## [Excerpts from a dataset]

_ _ _ _

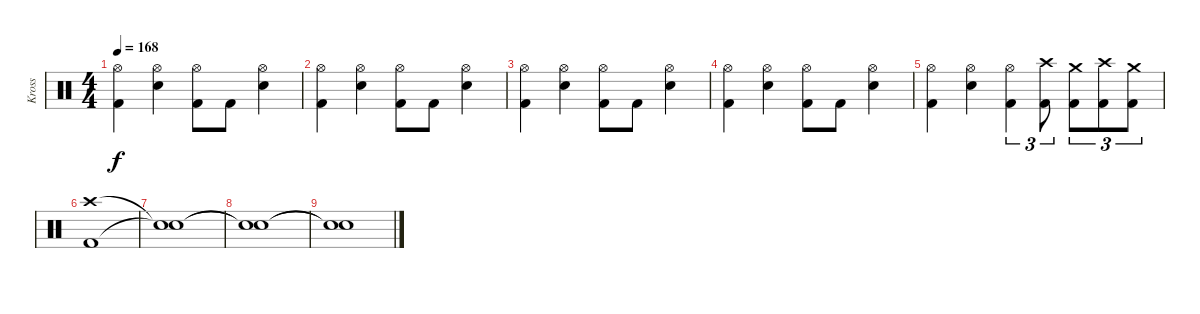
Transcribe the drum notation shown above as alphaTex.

\track ("Kross" "Kross") {instrument percussion}
\staff
\articulation defaults
\ts (4 4)
\tempo 168
\clef neutral
\ks c
("Hi-Hat (open)" "Kick (hit) 2").4{dy f} ("Hi-Hat (open)" "Electric Snare (hit)").4 ("Hi-Hat (open)" "Kick (hit) 2").8 "Kick (hit) 2".8 ("Hi-Hat (open)" "Electric Snare (hit)").4 |
("Hi-Hat (open)" "Kick (hit) 2").4 ("Hi-Hat (open)" "Electric Snare (hit)").4 ("Hi-Hat (open)" "Kick (hit) 2").8 "Kick (hit) 2".8 ("Hi-Hat (open)" "Electric Snare (hit)").4 |
("Hi-Hat (open)" "Kick (hit) 2").4 ("Hi-Hat (open)" "Electric Snare (hit)").4 ("Hi-Hat (open)" "Kick (hit) 2").8 "Kick (hit) 2".8 ("Hi-Hat (open)" "Electric Snare (hit)").4 |
("Hi-Hat (open)" "Kick (hit) 2").4 ("Hi-Hat (open)" "Electric Snare (hit)").4 ("Hi-Hat (open)" "Kick (hit) 2").8 "Kick (hit) 2".8 ("Hi-Hat (open)" "Electric Snare (hit)").4 |
("Hi-Hat (open)" "Kick (hit) 2").4 ("Hi-Hat (open)" "Electric Snare (hit)").4 ("Hi-Hat (open)" "Kick (hit) 2").4{tu (3 2)} ("Crash high (hit)" "Kick (hit) 2").8{tu (3 2)} ("Crash medium (hit)" "Kick (hit) 2").8{tu (3 2)} ("Crash high (hit)" "Kick (hit) 2").8{tu (3 2)} ("Crash medium (hit)" "Kick (hit) 2").8{tu (3 2)} |
("Crash high (hit)" "Kick (hit) 2").1 |
("Snare (hit)"{t} "Snare (hit)"{t}).1 |
("Snare (hit)"{t} "Snare (hit)"{t}).1 |
("Snare (hit)"{t} "Snare (hit)"{t}).1

_ _ _ _

## [Problem statement]
Output the entries above exactly, without their pictures.

## [Written response]
Transcribe the drum notation shown above as alphaTex.

\track ("Kross" "Kross") {instrument percussion}
\staff
\articulation defaults
\ts (4 4)
\tempo 168
\clef neutral
\ks c
("Hi-Hat (open)" "Kick (hit) 2").4{dy f} ("Hi-Hat (open)" "Electric Snare (hit)").4 ("Hi-Hat (open)" "Kick (hit) 2").8 "Kick (hit) 2".8 ("Hi-Hat (open)" "Electric Snare (hit)").4 |
("Hi-Hat (open)" "Kick (hit) 2").4 ("Hi-Hat (open)" "Electric Snare (hit)").4 ("Hi-Hat (open)" "Kick (hit) 2").8 "Kick (hit) 2".8 ("Hi-Hat (open)" "Electric Snare (hit)").4 |
("Hi-Hat (open)" "Kick (hit) 2").4 ("Hi-Hat (open)" "Electric Snare (hit)").4 ("Hi-Hat (open)" "Kick (hit) 2").8 "Kick (hit) 2".8 ("Hi-Hat (open)" "Electric Snare (hit)").4 |
("Hi-Hat (open)" "Kick (hit) 2").4 ("Hi-Hat (open)" "Electric Snare (hit)").4 ("Hi-Hat (open)" "Kick (hit) 2").8 "Kick (hit) 2".8 ("Hi-Hat (open)" "Electric Snare (hit)").4 |
("Hi-Hat (open)" "Kick (hit) 2").4 ("Hi-Hat (open)" "Electric Snare (hit)").4 ("Hi-Hat (open)" "Kick (hit) 2").4{tu (3 2)} ("Crash high (hit)" "Kick (hit) 2").8{tu (3 2)} ("Crash medium (hit)" "Kick (hit) 2").8{tu (3 2)} ("Crash high (hit)" "Kick (hit) 2").8{tu (3 2)} ("Crash medium (hit)" "Kick (hit) 2").8{tu (3 2)} |
("Crash high (hit)" "Kick (hit) 2").1 |
("Snare (hit)"{t} "Snare (hit)"{t}).1 |
("Snare (hit)"{t} "Snare (hit)"{t}).1 |
("Snare (hit)"{t} "Snare (hit)"{t}).1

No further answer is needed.